Помню, в какой-то солнечный осенний день Ия Саввина, Петр Штейн и я помогали Фаине Георгиевне переезжать с Котельнической, под градом ее рекомендаций укладывали книги: они должны были путешествовать в том же соседстве, в каком стояли на ее полках.
Каменный тупик Котельнического дома. Ни одного дерева. Серый асфальт. Раневская не жалела, что уезжала отсюда, хотя на Южинском она оказывалась в окружении номенклатуры, а здесь, на Котельнической, остались ее друзья — Роман Кармен, Михаил Жаров, Вадим Рындин, Галина Уланова.
В ее новой квартире на Южинском тоже был небольшой холл-прихожая с остекленными дверями, как в высотке, но уже не белыми, а «под дуб»; прямо — большая гостиная, направо — коридор, приводящий в большую кухню; налево по коридору — спальня, направо — туалет и ванная. Симпатии Раневской были в равной степени отданы гостиной и кухне.
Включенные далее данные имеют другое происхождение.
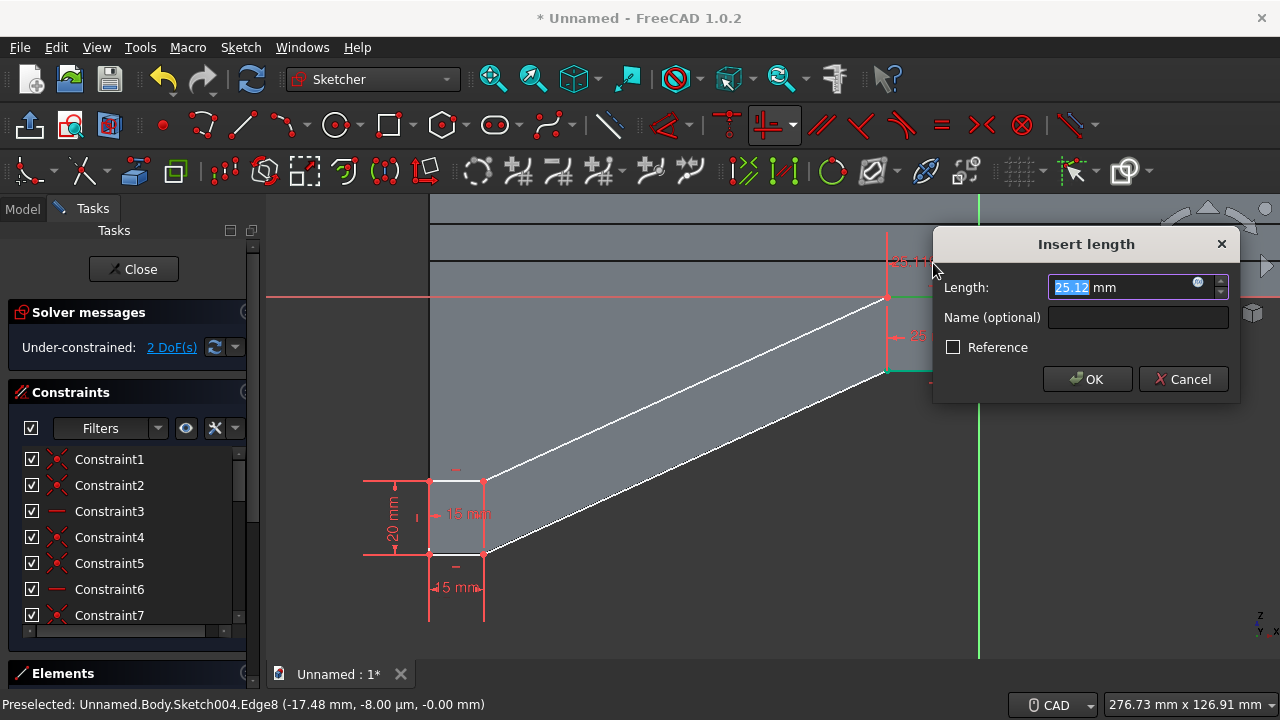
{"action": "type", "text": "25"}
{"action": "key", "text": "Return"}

Нам стало проще бывать у Раневской. Квартира на Южинском была новая, чистая, почти такая же, как на Котельнической, но спальня была с большой лоджией, выходящей в зеленый скверик. Начинался новый этап в жизни Фаины Георгиевны, казалось, ничего страшного уже не случится. В какой-то степени восстанавливалась ее прежняя жизнь в центре — рядом с Тверской, с друзьями, с теми, кто ее любил.
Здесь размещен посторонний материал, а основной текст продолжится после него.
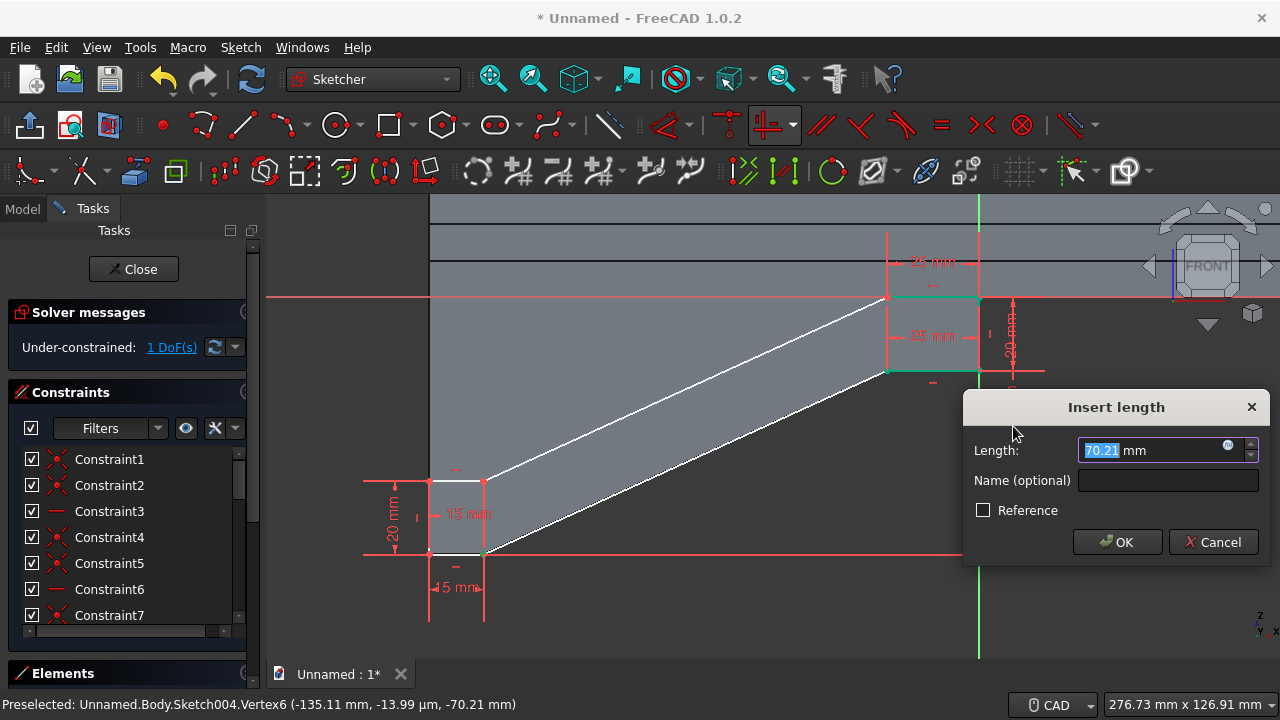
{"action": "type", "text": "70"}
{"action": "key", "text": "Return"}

Раневская с Ниной Станиславовной и со мной ездила в хозяйственные магазины, покупала для дома крючки, лампы, занавески. Еще раньше Фаина Георгиевна купила мебельный гарнитур из карельской березы, украшенный лебедиными головками на длинных шеях. Гарнитур был поставлен в новую гостиную. Стены заняли любимые фотографии с дарственными надписями — от Рихтера, Пастернака, Шостаковича, Ахматовой, Улановой, Бабановой, Вульф; рельеф Пиеты и гипсовый контррельеф Пастернака, виды Кракова, фотографии собак. Как всегда было много цветов; на полке стояла знакомая «безликая» скульптурка Чехова. Потом появился цветной телевизор, соединивший Раневскую с внешним миром. На столе в гостиной и спальне стояли фотографии Павлы Леонтьевны, повсюду — книги. В углу спальни — бабушкина коричневая палка с загнутой янтарной ручкой.
В гостиной — огромная бегония размером с дерево, с листьями любимого Раневской лилового цвета, которая попала к Фаине Георгиевне из дома Алисы Коонен.